Overview
ETL Data Engineer
Skill to Evaluate: ETL, Etl Developer, GCP, Big Data, Bigquery, Kafka, Hive, Data Modeling, Python, Pyspark, SQL
Experience: 5 to 6 Years
Location: Lower Parel, Mumbai (3 Days WFO)
BGV: Education, Address, Employment, Criminal
About the Role
We are looking for a passionate and experienced Data Engineer to join our team and
help build scalable, reliable, and efficient data pipelines on cloud platforms like
Primarily on Google Cloud Platform (GCP) and secondary on Amazon Web
Services (AWS). You will work with cutting-edge technologies to process structured
and unstructured data, enabling data-driven decision-making across the
organization.
Key Responsibilities
Design, develop, and maintain robust data pipelines and ETL/ELT workflows
using PySpark, Python, and SQL.
Build and manage data ingestion and transformation processes from various
sources including Hive, Kafka, and cloud-native services.
Orchestrate workflows using Apache Airflow and ensure timely and reliable
data delivery.
Work with large-scale big data systems to process structured and
unstructured datasets.
Implement data quality checks, monitoring, and alerting mechanisms.
Collaborate with cross-functional teams including data scientists, analysts,
and product managers to understand data requirements.
Optimize data processing for performance, scalability, and cost-efficiency.
Ensure compliance with data governance, security, and privacy standards.
Required Skills & Qualifications
5+ years of experience in data engineering or related roles.
Strong programming skills in Python and PySpark.
Proficiency in SQL and experience with Hive.
Hands-on experience with Apache Airflow for workflow orchestration.
Experience with Kafka for real-time data streaming.
Solid understanding of big data ecosystems and distributed computing.
Experience with GCP (BigQuery, Dataflow, Dataproc
Ability to work with both structured (e.g., relational databases)
and unstructured (e.g., logs, images, documents) data.
Familiarity with CI/CD tools and version control systems (e.g., Git).
Knowledge of containerization (Docker) and orchestration (Kubernetes).

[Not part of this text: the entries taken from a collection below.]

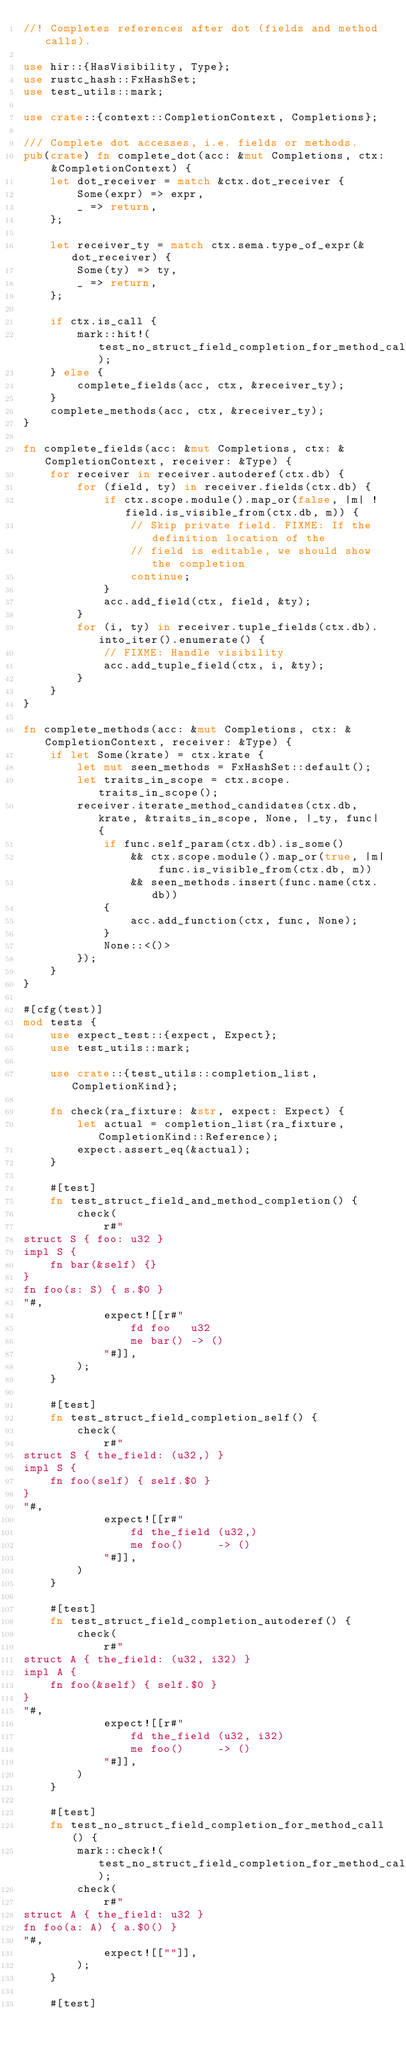Convert code to text. <code><loc_0><loc_0><loc_500><loc_500><_Rust_>//! Completes references after dot (fields and method calls).

use hir::{HasVisibility, Type};
use rustc_hash::FxHashSet;
use test_utils::mark;

use crate::{context::CompletionContext, Completions};

/// Complete dot accesses, i.e. fields or methods.
pub(crate) fn complete_dot(acc: &mut Completions, ctx: &CompletionContext) {
    let dot_receiver = match &ctx.dot_receiver {
        Some(expr) => expr,
        _ => return,
    };

    let receiver_ty = match ctx.sema.type_of_expr(&dot_receiver) {
        Some(ty) => ty,
        _ => return,
    };

    if ctx.is_call {
        mark::hit!(test_no_struct_field_completion_for_method_call);
    } else {
        complete_fields(acc, ctx, &receiver_ty);
    }
    complete_methods(acc, ctx, &receiver_ty);
}

fn complete_fields(acc: &mut Completions, ctx: &CompletionContext, receiver: &Type) {
    for receiver in receiver.autoderef(ctx.db) {
        for (field, ty) in receiver.fields(ctx.db) {
            if ctx.scope.module().map_or(false, |m| !field.is_visible_from(ctx.db, m)) {
                // Skip private field. FIXME: If the definition location of the
                // field is editable, we should show the completion
                continue;
            }
            acc.add_field(ctx, field, &ty);
        }
        for (i, ty) in receiver.tuple_fields(ctx.db).into_iter().enumerate() {
            // FIXME: Handle visibility
            acc.add_tuple_field(ctx, i, &ty);
        }
    }
}

fn complete_methods(acc: &mut Completions, ctx: &CompletionContext, receiver: &Type) {
    if let Some(krate) = ctx.krate {
        let mut seen_methods = FxHashSet::default();
        let traits_in_scope = ctx.scope.traits_in_scope();
        receiver.iterate_method_candidates(ctx.db, krate, &traits_in_scope, None, |_ty, func| {
            if func.self_param(ctx.db).is_some()
                && ctx.scope.module().map_or(true, |m| func.is_visible_from(ctx.db, m))
                && seen_methods.insert(func.name(ctx.db))
            {
                acc.add_function(ctx, func, None);
            }
            None::<()>
        });
    }
}

#[cfg(test)]
mod tests {
    use expect_test::{expect, Expect};
    use test_utils::mark;

    use crate::{test_utils::completion_list, CompletionKind};

    fn check(ra_fixture: &str, expect: Expect) {
        let actual = completion_list(ra_fixture, CompletionKind::Reference);
        expect.assert_eq(&actual);
    }

    #[test]
    fn test_struct_field_and_method_completion() {
        check(
            r#"
struct S { foo: u32 }
impl S {
    fn bar(&self) {}
}
fn foo(s: S) { s.$0 }
"#,
            expect![[r#"
                fd foo   u32
                me bar() -> ()
            "#]],
        );
    }

    #[test]
    fn test_struct_field_completion_self() {
        check(
            r#"
struct S { the_field: (u32,) }
impl S {
    fn foo(self) { self.$0 }
}
"#,
            expect![[r#"
                fd the_field (u32,)
                me foo()     -> ()
            "#]],
        )
    }

    #[test]
    fn test_struct_field_completion_autoderef() {
        check(
            r#"
struct A { the_field: (u32, i32) }
impl A {
    fn foo(&self) { self.$0 }
}
"#,
            expect![[r#"
                fd the_field (u32, i32)
                me foo()     -> ()
            "#]],
        )
    }

    #[test]
    fn test_no_struct_field_completion_for_method_call() {
        mark::check!(test_no_struct_field_completion_for_method_call);
        check(
            r#"
struct A { the_field: u32 }
fn foo(a: A) { a.$0() }
"#,
            expect![[""]],
        );
    }

    #[test]</code>

Exposure to data cataloging and governance tools (e.g., AWS Lake
Formation, Google Data Catalog).
Understanding of data modeling and architecture principles.
Soft Skills
Strong analytical and problem-solving abilities.
Excellent communication and collaboration skills.
Ability to work in Agile/Scrum environments.
Ownership mindset and attention to detail.